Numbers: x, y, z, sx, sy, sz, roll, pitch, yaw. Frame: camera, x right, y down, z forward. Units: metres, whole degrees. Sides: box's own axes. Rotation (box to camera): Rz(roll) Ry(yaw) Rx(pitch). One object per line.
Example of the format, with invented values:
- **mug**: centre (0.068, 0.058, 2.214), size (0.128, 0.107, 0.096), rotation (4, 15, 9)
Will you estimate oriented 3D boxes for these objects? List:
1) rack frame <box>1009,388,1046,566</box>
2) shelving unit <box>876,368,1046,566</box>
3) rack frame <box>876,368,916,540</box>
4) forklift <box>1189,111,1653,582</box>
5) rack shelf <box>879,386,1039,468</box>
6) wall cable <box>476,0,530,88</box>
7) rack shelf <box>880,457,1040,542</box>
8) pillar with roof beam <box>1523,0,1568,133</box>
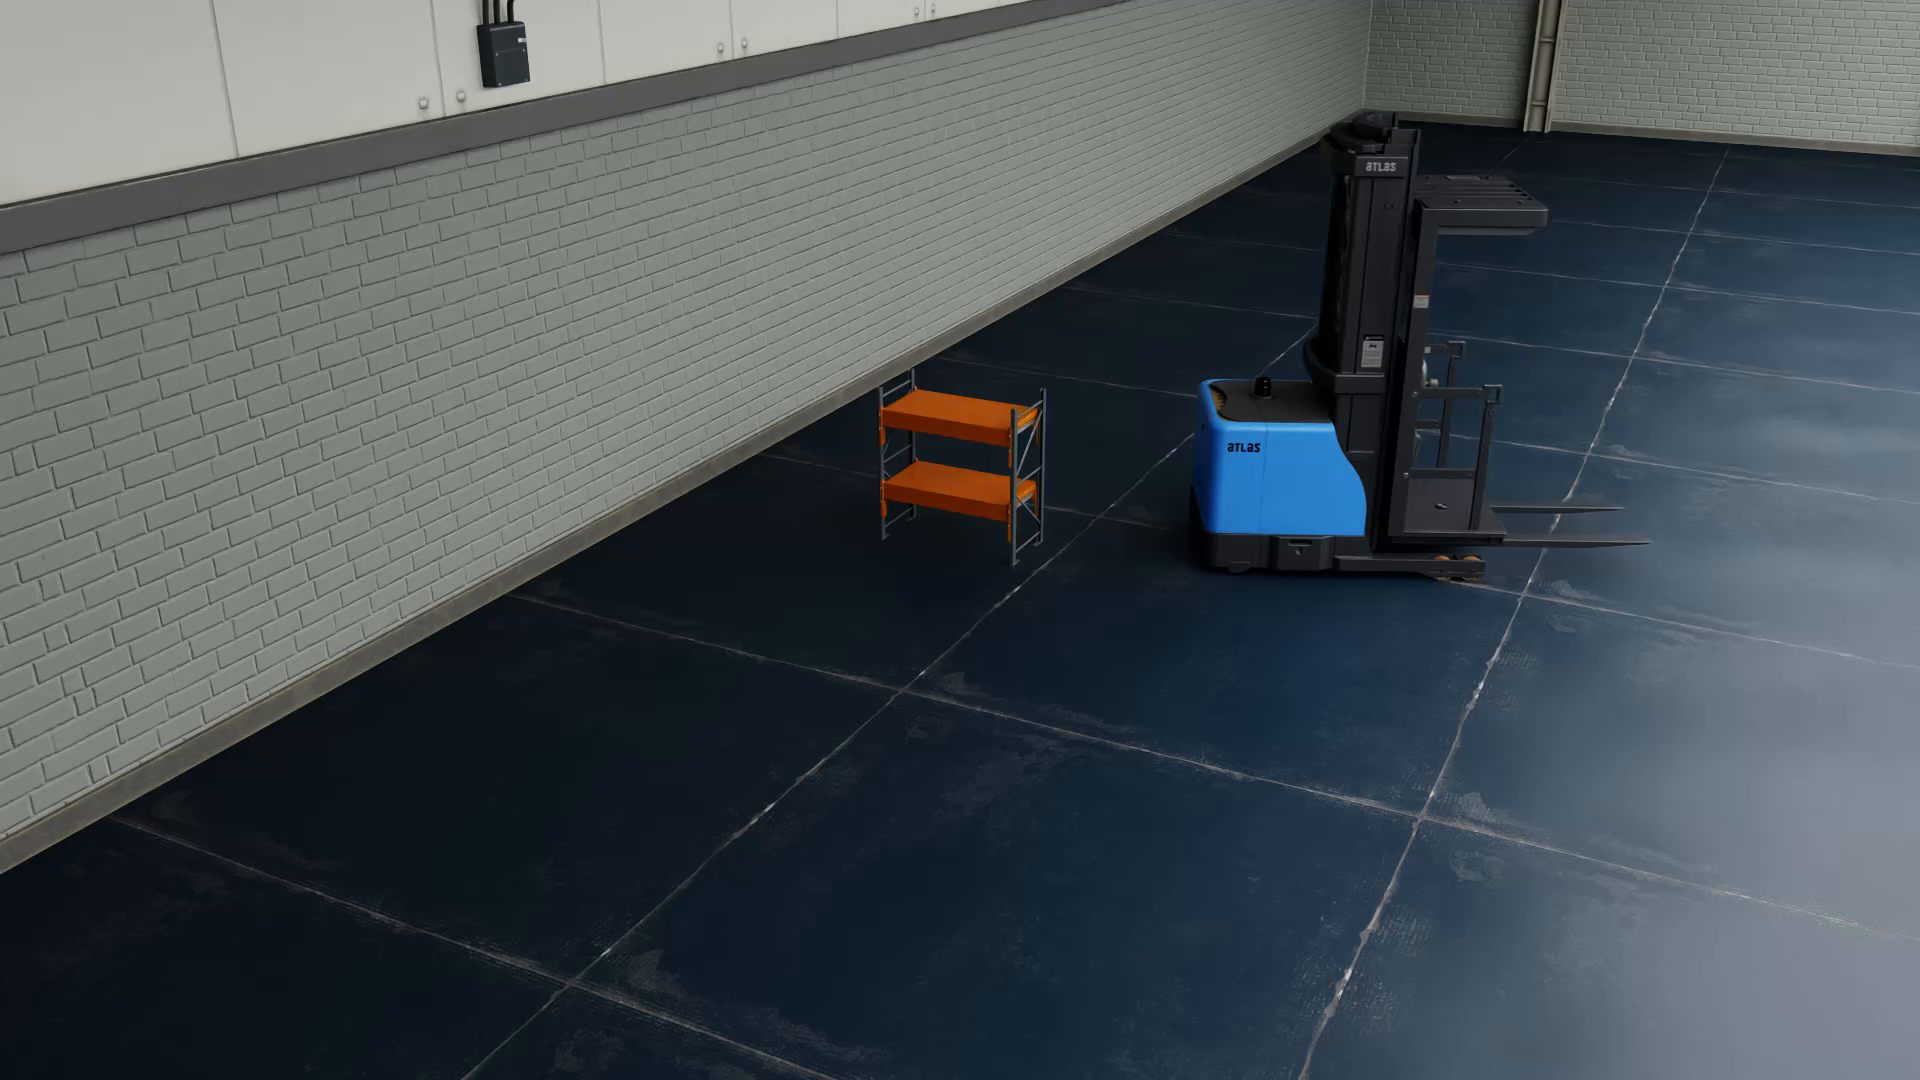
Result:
- **rack frame**: centre (0.460, -0.427, 11.316), size (0.032, 1.125, 0.500), rotation (11, 25, 25)
- **shelving unit**: centre (0.006, -0.516, 11.527), size (1.048, 1.125, 0.538), rotation (11, 25, 25)
- **rack frame**: centre (-0.448, -0.606, 11.738), size (0.032, 1.125, 0.500), rotation (11, 25, 25)
- **forklift**: centre (3.151, -1.284, 11.024), size (3.031, 2.935, 1.130), rotation (1, 23, 2)
- **rack shelf**: centre (0.006, -0.786, 11.413), size (1.000, 0.278, 0.538), rotation (11, 25, 25)
- **wall cable**: centre (-2.275, -5.868, 9.705), size (0.169, 6.003, 2.305), rotation (11, 25, 25)
- **rack shelf**: centre (0.006, -0.291, 11.623), size (1.000, 0.278, 0.538), rotation (11, 25, 25)
- **pillar with roof beam**: centre (7.730, -9.506, 22.605), size (0.400, 9.000, 9.100), rotation (11, 25, 25)

• • • •

Transcribe the records above exactly, omitting every picture they contain.

### Result of this task
Numbers: x, y, z, sx, sy, sz, roll, pitch, yaw. Frame: camera, x right, y down, z forward. Units: metres, whole degrees. Sides: box's own axes. Rotation (box to camera): Rz(roll) Ry(yaw) Rx(pitch). One object per line.
Example of the format, with invented values:
- **mug**: centre (0.068, 0.058, 2.214), size (0.128, 0.107, 0.096), rotation (4, 15, 9)
Will you estimate oriented 3D boxes for these objects? List:
1) rack frame <box>1009,388,1046,566</box>
2) shelving unit <box>876,368,1046,566</box>
3) rack frame <box>876,368,916,540</box>
4) forklift <box>1189,111,1653,582</box>
5) rack shelf <box>879,386,1039,468</box>
6) wall cable <box>476,0,530,88</box>
7) rack shelf <box>880,457,1040,542</box>
8) pillar with roof beam <box>1523,0,1568,133</box>
Result:
- **rack frame**: centre (0.460, -0.427, 11.316), size (0.032, 1.125, 0.500), rotation (11, 25, 25)
- **shelving unit**: centre (0.006, -0.516, 11.527), size (1.048, 1.125, 0.538), rotation (11, 25, 25)
- **rack frame**: centre (-0.448, -0.606, 11.738), size (0.032, 1.125, 0.500), rotation (11, 25, 25)
- **forklift**: centre (3.151, -1.284, 11.024), size (3.031, 2.935, 1.130), rotation (1, 23, 2)
- **rack shelf**: centre (0.006, -0.786, 11.413), size (1.000, 0.278, 0.538), rotation (11, 25, 25)
- **wall cable**: centre (-2.275, -5.868, 9.705), size (0.169, 6.003, 2.305), rotation (11, 25, 25)
- **rack shelf**: centre (0.006, -0.291, 11.623), size (1.000, 0.278, 0.538), rotation (11, 25, 25)
- **pillar with roof beam**: centre (7.730, -9.506, 22.605), size (0.400, 9.000, 9.100), rotation (11, 25, 25)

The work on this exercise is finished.